EX-10.1 2 ex101-loanmodification.htm EXHIBIT 10.1 Exhibit


FIRST LOAN MODIFICATION AGREEMENT
This First Loan Modification Agreement (the “Agreement”) is entered into as of May 4, 2018 (the “Signing Date”), but is effective retroactively to March 31, 2018 (the “First Loan Modification Effective Date”) by and between ZB, N.A., dba Zions First National Bank (“Lender”); LifeVantage Corporation, a Delaware corporation (“LifeVantage”), and Lifeline Nutraceuticals Corporation, a Colorado corporation (together with LifeVantage, the “Borrower”).
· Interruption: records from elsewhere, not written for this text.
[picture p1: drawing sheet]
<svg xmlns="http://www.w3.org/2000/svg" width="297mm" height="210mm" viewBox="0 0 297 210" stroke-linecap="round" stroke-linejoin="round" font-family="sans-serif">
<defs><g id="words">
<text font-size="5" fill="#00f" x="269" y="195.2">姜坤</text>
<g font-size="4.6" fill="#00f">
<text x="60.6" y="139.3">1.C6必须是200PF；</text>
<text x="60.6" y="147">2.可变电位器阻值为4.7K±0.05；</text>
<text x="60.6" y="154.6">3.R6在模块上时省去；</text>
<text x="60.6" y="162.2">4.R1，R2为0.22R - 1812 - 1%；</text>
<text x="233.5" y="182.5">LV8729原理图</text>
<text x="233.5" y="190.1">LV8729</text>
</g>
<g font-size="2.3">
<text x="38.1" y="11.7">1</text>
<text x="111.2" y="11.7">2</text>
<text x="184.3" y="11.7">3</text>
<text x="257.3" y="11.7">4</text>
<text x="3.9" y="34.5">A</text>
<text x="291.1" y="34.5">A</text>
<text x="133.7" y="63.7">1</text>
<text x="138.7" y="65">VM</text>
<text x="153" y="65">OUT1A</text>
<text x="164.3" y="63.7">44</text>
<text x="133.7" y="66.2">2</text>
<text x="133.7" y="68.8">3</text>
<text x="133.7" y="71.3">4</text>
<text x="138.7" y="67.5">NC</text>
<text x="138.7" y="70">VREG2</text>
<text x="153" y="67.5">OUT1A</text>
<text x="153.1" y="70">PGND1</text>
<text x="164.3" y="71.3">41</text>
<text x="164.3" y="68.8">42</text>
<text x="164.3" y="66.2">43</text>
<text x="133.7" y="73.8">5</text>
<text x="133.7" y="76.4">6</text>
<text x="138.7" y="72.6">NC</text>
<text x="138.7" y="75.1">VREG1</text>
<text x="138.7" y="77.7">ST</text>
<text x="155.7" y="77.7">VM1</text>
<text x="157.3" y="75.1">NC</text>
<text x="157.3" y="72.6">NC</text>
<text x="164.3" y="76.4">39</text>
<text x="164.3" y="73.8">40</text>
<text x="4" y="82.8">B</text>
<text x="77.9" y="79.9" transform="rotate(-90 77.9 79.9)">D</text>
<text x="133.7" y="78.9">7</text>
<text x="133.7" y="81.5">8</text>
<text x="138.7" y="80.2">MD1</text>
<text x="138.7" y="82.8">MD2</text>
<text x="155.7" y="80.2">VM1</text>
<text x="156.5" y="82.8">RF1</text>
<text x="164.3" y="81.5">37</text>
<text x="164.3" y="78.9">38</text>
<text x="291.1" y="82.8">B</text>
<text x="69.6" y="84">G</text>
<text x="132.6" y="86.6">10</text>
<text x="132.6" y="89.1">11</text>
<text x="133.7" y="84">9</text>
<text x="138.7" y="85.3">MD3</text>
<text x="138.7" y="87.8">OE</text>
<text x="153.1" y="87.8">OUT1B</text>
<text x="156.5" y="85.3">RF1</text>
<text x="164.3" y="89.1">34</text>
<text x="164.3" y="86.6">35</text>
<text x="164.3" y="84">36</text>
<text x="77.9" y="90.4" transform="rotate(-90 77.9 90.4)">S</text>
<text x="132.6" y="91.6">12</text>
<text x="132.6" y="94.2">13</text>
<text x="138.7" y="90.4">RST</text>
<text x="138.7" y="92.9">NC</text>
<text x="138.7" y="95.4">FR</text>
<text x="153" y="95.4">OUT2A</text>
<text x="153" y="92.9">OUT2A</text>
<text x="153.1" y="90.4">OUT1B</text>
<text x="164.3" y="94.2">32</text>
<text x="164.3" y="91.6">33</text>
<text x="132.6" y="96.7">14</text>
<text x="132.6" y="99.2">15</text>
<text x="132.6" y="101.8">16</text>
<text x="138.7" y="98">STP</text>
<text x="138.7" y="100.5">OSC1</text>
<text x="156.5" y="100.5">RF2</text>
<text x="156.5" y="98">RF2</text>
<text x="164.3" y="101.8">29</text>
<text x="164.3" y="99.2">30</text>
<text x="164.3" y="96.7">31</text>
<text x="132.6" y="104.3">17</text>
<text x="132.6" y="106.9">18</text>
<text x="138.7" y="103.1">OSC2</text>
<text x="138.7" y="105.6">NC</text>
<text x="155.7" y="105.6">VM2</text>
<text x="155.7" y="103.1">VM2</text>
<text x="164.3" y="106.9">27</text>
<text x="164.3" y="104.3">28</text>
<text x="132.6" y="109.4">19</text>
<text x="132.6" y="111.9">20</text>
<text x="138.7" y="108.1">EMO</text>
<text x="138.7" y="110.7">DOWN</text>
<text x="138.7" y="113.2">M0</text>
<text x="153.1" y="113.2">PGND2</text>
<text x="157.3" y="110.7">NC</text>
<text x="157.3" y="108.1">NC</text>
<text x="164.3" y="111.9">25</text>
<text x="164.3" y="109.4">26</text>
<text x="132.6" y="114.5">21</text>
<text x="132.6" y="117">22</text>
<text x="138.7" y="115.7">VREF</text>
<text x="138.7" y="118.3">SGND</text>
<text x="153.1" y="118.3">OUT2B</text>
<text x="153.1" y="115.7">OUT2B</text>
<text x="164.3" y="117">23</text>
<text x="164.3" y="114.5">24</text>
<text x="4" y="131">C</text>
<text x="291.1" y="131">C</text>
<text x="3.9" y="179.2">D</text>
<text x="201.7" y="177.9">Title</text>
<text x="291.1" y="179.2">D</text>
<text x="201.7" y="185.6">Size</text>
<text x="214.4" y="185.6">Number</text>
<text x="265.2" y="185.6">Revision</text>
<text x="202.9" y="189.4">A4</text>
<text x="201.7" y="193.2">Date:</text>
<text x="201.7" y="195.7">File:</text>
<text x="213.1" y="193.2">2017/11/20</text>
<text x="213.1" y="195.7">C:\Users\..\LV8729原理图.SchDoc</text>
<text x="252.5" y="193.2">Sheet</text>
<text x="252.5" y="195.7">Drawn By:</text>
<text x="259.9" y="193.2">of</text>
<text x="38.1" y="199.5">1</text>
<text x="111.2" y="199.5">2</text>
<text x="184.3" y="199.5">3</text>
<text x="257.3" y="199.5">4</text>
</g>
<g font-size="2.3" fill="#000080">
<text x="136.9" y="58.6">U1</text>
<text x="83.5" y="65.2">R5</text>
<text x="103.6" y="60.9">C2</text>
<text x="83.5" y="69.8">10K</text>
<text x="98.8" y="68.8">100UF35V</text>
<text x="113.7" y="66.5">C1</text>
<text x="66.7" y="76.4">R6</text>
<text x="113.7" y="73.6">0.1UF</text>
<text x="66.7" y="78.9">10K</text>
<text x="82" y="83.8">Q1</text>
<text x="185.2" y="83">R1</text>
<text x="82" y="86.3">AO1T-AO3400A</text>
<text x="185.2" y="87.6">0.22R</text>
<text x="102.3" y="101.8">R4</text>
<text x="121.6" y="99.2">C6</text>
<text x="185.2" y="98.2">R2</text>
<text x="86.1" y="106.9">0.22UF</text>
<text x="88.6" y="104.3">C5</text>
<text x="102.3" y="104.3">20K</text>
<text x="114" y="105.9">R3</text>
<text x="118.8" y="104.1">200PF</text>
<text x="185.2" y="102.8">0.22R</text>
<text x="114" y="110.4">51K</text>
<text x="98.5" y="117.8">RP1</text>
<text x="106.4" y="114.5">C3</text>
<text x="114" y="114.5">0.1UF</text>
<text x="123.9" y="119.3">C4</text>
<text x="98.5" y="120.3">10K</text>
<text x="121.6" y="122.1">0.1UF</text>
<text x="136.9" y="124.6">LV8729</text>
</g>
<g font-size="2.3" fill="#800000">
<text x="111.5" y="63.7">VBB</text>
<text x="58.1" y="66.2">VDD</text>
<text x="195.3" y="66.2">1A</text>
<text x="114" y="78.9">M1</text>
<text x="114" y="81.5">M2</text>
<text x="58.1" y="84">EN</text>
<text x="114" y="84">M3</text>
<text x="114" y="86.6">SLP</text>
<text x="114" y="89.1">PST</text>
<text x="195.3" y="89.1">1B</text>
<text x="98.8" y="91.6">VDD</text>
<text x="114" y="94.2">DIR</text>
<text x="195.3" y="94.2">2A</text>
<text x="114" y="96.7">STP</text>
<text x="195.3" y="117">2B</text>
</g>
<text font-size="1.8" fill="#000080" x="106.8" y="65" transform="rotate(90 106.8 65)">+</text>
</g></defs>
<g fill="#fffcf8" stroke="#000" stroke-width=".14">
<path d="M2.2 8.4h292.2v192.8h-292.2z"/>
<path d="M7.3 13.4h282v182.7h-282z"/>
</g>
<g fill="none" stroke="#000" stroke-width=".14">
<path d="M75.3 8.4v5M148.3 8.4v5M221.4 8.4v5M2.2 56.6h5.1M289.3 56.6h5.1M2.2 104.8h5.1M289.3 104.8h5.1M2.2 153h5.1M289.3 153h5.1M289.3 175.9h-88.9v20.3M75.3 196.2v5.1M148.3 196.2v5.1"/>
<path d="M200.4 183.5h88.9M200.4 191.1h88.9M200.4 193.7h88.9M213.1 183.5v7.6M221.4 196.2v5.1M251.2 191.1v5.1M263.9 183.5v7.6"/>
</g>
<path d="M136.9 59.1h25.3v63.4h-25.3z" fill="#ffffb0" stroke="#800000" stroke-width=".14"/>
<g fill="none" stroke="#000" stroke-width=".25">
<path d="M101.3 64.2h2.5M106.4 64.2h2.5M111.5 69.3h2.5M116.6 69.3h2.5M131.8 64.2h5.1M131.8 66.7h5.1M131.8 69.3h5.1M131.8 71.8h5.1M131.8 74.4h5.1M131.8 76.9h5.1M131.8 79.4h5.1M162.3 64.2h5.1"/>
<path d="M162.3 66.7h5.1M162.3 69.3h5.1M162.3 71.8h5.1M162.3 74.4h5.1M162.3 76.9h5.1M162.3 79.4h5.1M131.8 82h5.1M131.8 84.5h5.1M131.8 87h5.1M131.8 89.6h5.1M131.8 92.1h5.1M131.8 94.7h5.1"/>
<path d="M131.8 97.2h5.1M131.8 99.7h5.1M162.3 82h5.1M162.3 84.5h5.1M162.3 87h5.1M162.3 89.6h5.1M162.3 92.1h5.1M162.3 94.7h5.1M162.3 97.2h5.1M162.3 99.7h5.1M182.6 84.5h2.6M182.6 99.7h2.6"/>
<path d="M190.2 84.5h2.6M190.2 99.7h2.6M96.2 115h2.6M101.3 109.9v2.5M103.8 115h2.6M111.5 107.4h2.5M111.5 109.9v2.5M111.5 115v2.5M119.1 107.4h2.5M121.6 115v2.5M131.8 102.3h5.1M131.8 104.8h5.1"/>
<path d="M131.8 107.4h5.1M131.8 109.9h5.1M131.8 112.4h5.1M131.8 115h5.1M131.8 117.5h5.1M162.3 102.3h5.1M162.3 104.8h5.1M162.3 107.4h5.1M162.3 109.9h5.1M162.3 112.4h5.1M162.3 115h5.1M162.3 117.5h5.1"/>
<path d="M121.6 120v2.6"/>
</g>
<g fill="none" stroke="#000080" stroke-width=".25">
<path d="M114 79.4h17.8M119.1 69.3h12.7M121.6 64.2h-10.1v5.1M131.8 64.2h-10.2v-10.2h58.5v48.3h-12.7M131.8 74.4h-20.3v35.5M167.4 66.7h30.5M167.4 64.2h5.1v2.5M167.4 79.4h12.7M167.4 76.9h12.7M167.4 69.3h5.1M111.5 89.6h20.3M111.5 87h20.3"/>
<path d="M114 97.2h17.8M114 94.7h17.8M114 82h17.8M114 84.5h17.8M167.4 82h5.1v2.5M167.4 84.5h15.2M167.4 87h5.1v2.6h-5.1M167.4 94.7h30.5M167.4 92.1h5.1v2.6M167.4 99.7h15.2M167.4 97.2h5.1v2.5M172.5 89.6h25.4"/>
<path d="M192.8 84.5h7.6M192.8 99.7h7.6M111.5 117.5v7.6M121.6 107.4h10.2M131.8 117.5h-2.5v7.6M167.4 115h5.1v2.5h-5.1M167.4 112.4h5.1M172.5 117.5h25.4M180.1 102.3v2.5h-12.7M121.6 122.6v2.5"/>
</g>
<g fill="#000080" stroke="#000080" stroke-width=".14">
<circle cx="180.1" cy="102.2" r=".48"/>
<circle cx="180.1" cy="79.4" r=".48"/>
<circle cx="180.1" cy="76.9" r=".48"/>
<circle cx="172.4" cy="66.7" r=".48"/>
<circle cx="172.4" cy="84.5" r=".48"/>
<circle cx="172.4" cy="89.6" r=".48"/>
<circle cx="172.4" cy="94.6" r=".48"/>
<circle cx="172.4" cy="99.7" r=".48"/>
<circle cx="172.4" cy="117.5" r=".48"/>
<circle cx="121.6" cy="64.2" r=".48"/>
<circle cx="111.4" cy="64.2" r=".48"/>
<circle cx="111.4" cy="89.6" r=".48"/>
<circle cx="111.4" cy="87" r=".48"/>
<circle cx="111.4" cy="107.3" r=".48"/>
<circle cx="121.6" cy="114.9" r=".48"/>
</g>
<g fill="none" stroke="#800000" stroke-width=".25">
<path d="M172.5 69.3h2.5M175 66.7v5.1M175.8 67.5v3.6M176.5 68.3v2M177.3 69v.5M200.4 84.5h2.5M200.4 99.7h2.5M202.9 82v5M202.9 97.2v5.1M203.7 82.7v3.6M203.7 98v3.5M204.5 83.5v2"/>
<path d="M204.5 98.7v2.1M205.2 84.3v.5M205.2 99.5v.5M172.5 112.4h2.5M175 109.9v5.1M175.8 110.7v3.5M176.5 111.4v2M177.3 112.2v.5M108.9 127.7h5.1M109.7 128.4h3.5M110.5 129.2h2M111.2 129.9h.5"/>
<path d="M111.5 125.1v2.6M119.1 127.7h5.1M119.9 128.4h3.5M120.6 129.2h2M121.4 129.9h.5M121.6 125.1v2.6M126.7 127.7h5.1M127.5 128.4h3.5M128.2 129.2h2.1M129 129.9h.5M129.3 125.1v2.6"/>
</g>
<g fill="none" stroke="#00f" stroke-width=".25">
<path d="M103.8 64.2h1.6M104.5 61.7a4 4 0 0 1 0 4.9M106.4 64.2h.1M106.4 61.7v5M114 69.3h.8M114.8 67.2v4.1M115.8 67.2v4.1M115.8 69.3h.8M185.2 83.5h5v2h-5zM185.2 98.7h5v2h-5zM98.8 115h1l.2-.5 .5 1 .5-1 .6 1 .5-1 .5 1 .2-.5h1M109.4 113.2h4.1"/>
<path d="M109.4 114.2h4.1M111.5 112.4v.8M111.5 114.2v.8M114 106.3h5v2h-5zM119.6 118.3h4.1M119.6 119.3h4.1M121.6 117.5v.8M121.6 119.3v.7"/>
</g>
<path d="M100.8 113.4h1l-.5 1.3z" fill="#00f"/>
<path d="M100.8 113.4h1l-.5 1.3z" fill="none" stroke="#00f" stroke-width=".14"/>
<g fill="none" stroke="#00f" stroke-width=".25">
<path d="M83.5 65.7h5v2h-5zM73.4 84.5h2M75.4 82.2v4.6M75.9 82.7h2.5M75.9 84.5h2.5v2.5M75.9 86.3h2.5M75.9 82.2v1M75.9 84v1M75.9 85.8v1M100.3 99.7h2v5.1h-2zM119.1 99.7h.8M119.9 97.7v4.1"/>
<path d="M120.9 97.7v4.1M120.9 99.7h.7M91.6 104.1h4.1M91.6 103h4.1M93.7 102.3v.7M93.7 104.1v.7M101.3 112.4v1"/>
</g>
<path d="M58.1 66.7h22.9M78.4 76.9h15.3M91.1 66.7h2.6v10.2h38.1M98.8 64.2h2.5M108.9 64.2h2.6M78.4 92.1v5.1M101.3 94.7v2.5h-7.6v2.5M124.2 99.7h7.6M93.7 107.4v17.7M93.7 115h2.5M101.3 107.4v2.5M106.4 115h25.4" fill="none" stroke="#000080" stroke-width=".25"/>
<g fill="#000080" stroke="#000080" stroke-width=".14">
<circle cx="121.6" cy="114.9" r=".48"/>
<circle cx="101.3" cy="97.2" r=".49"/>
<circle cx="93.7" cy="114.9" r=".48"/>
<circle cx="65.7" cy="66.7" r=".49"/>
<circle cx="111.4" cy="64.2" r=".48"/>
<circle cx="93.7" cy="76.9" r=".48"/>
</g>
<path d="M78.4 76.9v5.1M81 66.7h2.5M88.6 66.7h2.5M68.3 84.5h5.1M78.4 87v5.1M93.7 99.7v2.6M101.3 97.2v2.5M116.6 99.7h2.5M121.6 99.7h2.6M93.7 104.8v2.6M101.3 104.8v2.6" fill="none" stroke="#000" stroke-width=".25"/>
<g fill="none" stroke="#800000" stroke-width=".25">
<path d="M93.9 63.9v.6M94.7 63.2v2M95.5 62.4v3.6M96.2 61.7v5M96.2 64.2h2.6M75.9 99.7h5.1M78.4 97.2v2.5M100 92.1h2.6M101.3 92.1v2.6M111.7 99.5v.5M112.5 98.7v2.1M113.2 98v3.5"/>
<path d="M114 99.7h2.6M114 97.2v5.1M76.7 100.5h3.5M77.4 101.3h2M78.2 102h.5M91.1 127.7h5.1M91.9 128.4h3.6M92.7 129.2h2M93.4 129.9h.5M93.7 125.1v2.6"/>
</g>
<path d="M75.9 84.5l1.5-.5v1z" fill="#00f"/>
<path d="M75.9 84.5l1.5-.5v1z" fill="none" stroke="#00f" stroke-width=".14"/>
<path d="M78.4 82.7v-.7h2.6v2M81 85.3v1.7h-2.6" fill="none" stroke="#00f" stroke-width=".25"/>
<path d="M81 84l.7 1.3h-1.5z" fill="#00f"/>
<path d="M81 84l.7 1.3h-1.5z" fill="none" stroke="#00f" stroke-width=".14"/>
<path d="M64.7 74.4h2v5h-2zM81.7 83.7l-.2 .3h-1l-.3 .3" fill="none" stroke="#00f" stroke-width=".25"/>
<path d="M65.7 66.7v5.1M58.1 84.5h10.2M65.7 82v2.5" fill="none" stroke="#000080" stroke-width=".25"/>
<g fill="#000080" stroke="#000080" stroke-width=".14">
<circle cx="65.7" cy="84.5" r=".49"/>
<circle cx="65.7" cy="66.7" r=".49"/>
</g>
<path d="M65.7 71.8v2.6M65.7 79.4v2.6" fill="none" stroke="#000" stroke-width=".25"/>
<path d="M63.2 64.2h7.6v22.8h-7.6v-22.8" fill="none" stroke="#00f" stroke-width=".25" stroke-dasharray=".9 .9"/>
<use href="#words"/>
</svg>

A.    Lender and Borrower entered into a Loan Agreement dated March 30, 2016, (the “Loan Agreement”), pursuant to which Lender agreed to make a loan to Borrower (the “Loan”), evidenced by a Facility 1 Promissory Note (RLOC) and a Facility 2 Promissory Note (Term Loan) (together the “Promissory Notes”). The Promissory Notes are secured by the Collateral described in that certain Security Agreement dated as of March 30, 2016 (the “Security Agreement”). The Loan Agreement, Promissory Notes, Security Agreement and all other documents defined as Loan Documents in the Loan Agreement are hereinafter collectively referred to as the “Loan Documents.”

B.    Lender and Borrower now desire to modify the Loan Documents on the terms set forth below.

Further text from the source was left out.